Interview Questions

The questions interviewers actually ask — with model answers you can adapt.

These are the questions that come up most often in data engineer, data architect, and ETL developer interviews when ERWIN appears on the JD.

Q1. What's the difference between conceptual, logical, and physical data models?

Answer:

The Conceptual model shows just entities and relationships — no attributes or keys. It's for business stakeholders to agree on what the business cares about.
The Logical model adds attributes, primary keys, foreign keys, and cardinality. It's database-agnostic and typically normalized to 3NF.
The Physical model targets a specific database — tables, columns with vendor data types, indexes, tablespaces, constraints, partitioning. It's what generates the actual DDL.

I move from one to the next, validating with the appropriate audience: conceptual with business, logical with data architects, physical with DBAs.

Q2. What's the difference between an identifying and non-identifying relationship?

Answer: An identifying relationship means the child entity cannot exist without the parent — the parent's PK becomes part of the child's PK. ERWIN draws this as a solid line. Example: OrderLine cannot exist without an Order.

A non-identifying relationship means the child can exist independently and just references the parent. The parent's PK appears in the child as a regular foreign key, not part of the PK. ERWIN draws this as a dashed line. Example: an Order references a Customer, but the Order has its own independent OrderID as its PK.

Most foreign keys are non-identifying. Use identifying only for true weak entities.

Q3. What is FK migration in ERWIN?

Answer: When you draw a relationship between two entities, ERWIN automatically propagates ("migrates") the parent's primary key into the child as a foreign key. You don't have to add it manually. If you later rename the PK, the FK renames everywhere. If you move the relationship to point at a different parent, the old FK is removed and the new one appears. This automatic propagation is one of ERWIN's biggest productivity wins over hand-drawn ER diagrams.

Q4. Walk me through how you'd model an e-commerce platform.

Answer: I'd identify the core entities first — Customer, Order, Product, Category, Address — and the major relationships. Customer places many Orders. Order contains many Products (resolved with an OrderLine bridge table because it's many-to-many). Product belongs to one Category. Order ships to one Address.

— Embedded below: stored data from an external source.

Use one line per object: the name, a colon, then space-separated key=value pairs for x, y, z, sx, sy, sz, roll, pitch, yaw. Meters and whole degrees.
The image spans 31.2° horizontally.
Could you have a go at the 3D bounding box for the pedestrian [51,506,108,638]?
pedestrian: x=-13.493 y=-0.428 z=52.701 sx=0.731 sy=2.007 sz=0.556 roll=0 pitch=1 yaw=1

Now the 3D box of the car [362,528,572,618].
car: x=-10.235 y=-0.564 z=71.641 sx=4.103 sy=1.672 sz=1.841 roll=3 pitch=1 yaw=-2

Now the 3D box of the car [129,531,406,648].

For the logical model I'd add a surrogate primary key to each entity, attributes for the business data, and audit columns (created_at, updated_at) everywhere. I'd normalize to 3NF — Category in its own table, Address in its own table not inline on Customer.

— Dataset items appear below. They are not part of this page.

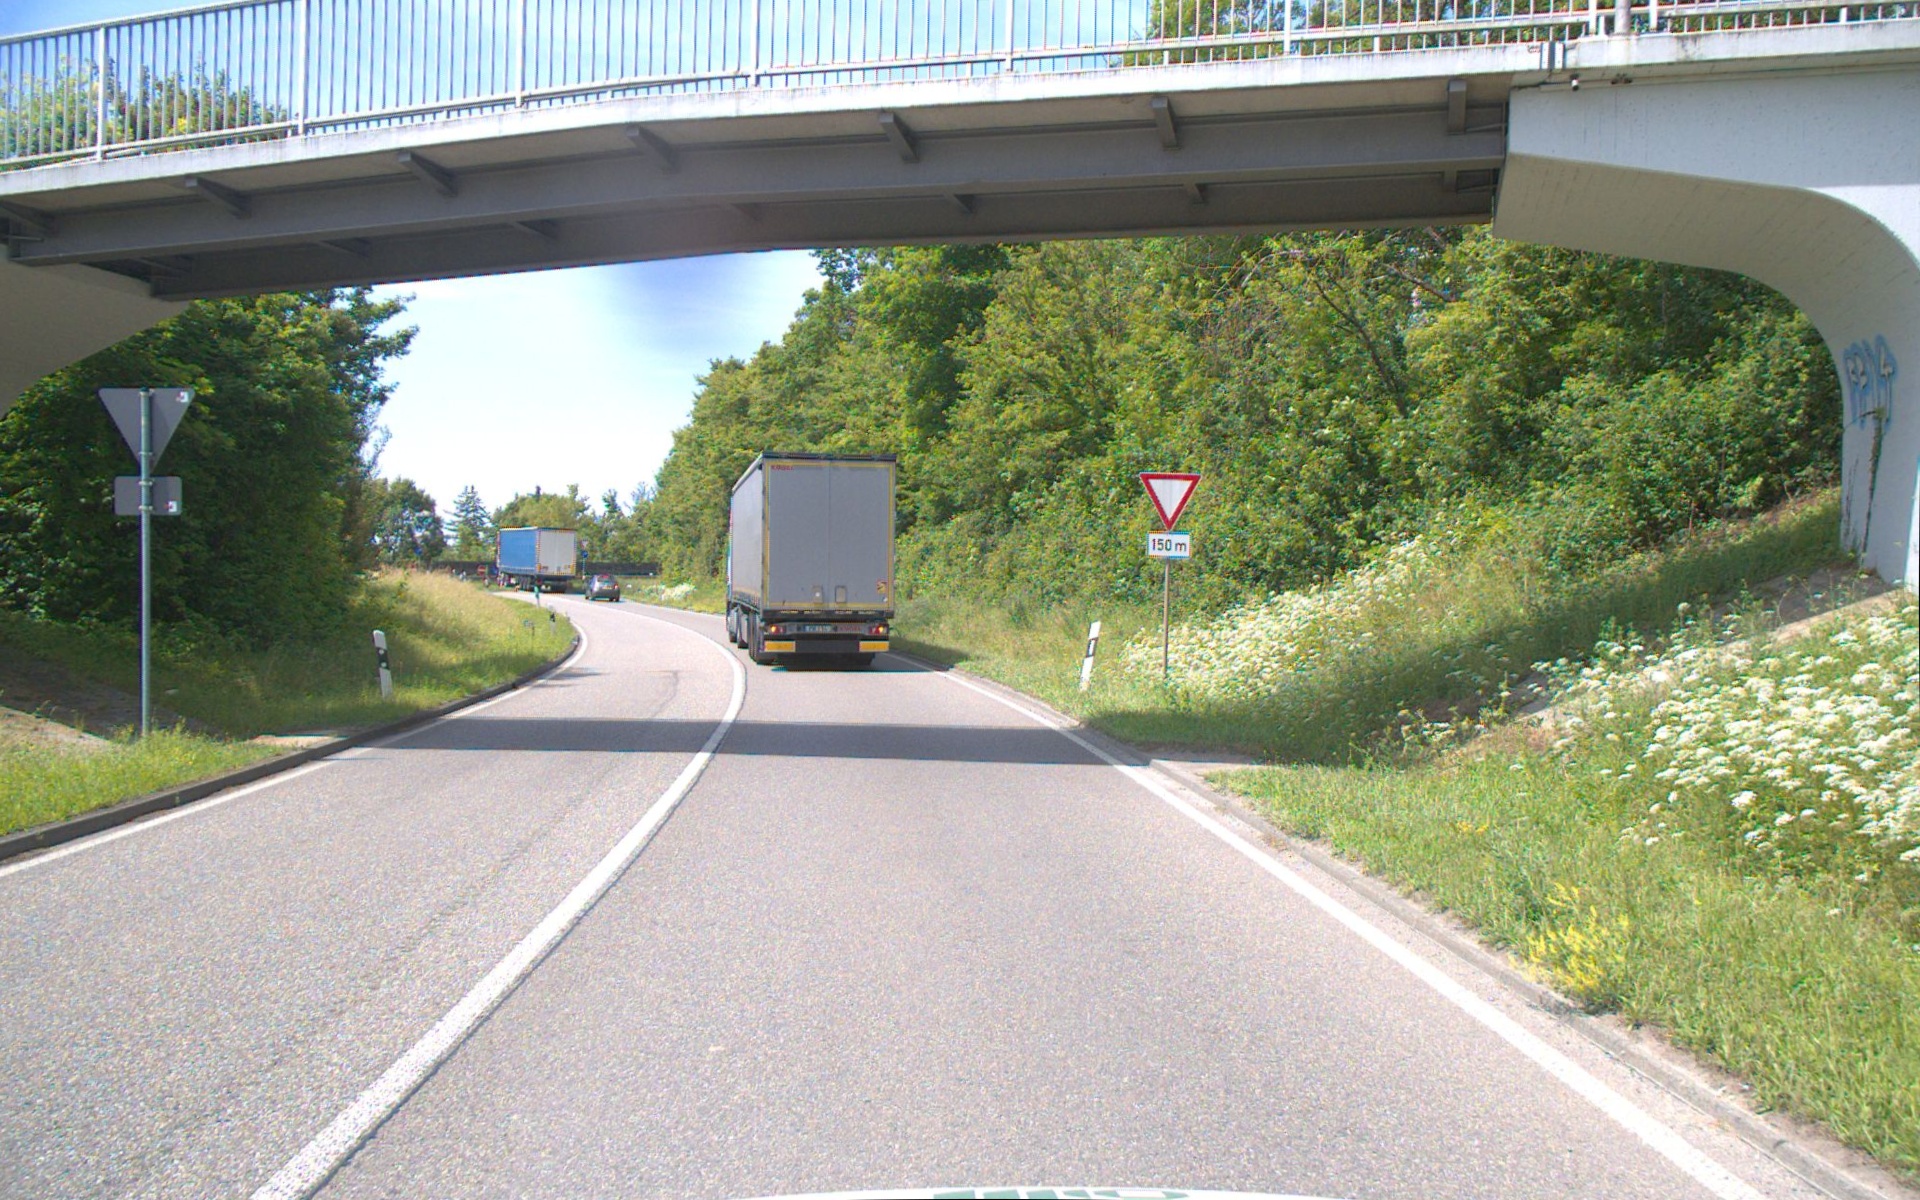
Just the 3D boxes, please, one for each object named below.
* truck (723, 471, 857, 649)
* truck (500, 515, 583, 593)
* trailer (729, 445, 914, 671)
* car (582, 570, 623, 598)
[{"bbox_3d":[-4.670,-0.976,44.084,3.095,4.298,7.107,1,0,-9],"label":"truck"},{"bbox_3d":[-28.310,-3.005,111.279,3.772,4.827,16.107,0,1,-20],"label":"truck"},{"bbox_3d":[-3.441,-0.802,36.910,2.972,4.105,13.321,1,0,-10],"label":"trailer"},{"bbox_3d":[-20.472,-0.913,94.729,1.643,1.512,3.973,0,1,-22],"label":"car"}]

For the physical model I'd pick the target database (say PostgreSQL), set exact data types (BIGINT for IDs, NUMERIC(12,2) for money, TIMESTAMPTZ for audit columns), add indexes on every foreign key plus business-critical query columns, and set up CHECK constraints for enums like order_status.

Q5. What's a surrogate key and why use one?

Answer: A surrogate key is an artificially generated identifier — usually an auto-incrementing BIGINT or a UUID — that has no business meaning. I use surrogate keys as primary keys for every dimension and fact table for several reasons:

Performance — joining on a single 8-byte integer is faster than joining on a composite key or a long string
Stability — natural keys like email or SSN can change; surrogate keys never do
SCD Type 2 support — you can have multiple "versions" of the same customer (different addresses over time), each with a unique surrogate key but the same business identifier
Security — surrogate keys don't leak business information

I still store the natural key as a UNIQUE column, just not as the PK.

Q6. How does ERWIN handle many-to-many relationships?

Answer: In the conceptual model you can draw a direct M:N relationship between two entities. But relational databases can't store M:N directly. When you move to the logical model, ERWIN resolves this by creating an associative entity (bridge table) between the two original entities. The bridge holds foreign keys to both parents plus any attributes specific to the relationship — for example, an Order-Product bridge called OrderLine that also stores quantity, unit_price, and line_total.

The bridge typically gets its own surrogate primary key rather than a composite of the two FKs — single-column PKs are faster to join on.

Q7. What is forward engineering vs reverse engineering?

Answer:

Forward engineering generates SQL DDL (CREATE TABLE, CREATE INDEX, etc.) from your ERWIN model so you can deploy it to a database. You configure options like "include drops", "include indexes", "include comments", then either save to a .sql file or push directly to a connected database.
Reverse engineering goes the opposite way — ERWIN reads an existing database via JDBC/ODBC and builds a model from the schema. Useful when inheriting a legacy system without a model, documenting a vendor database, or syncing direct-database changes back into the model.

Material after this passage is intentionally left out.